In the entry for #483, a dagger termed ch'hura kati is described as short straight blade with ivory hilt, and 'presented' by the Rajah of Vizianagram. This would suggest to me that the term may not be derisively used, at least in Hindu parlance.
It is unclear exactly how the term ch'hura, or choora as more commonly described, may be applied in northern regions, especially the Khyber regions where these are typically associated with the Mahsud (Stone, p.180).

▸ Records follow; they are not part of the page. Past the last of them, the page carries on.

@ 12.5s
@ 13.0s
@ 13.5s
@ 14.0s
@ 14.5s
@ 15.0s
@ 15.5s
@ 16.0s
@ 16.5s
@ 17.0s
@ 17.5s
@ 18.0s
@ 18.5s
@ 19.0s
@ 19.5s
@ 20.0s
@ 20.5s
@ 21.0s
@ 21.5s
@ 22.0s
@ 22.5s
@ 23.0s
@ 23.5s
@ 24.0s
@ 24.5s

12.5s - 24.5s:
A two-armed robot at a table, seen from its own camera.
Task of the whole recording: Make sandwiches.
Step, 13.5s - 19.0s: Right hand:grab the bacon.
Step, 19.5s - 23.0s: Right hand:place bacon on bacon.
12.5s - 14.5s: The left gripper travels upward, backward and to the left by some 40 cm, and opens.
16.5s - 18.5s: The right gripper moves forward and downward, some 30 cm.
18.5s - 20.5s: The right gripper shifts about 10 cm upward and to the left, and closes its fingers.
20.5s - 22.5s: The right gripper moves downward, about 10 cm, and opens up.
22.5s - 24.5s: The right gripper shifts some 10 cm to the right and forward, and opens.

Getting into the arcane terminology of European weapons, the so called 'ballock' knife worn by civilians in the 14th c. was worn on a lowslung belt in Low Countries, Germany and in Britain (where it became known as a 'dudgeon dagger' for the box-root often used for the hilts). These often hung between the thighs, and the phallic handle and dual rounded lobes obviously brought the colloquial term, 'ballock knife'. In Victorian times, the prudish collectors desperately attempted renaming these 'kidney daggers'.
(information from "The Lore of Arms", William Reid, 1976, p.49).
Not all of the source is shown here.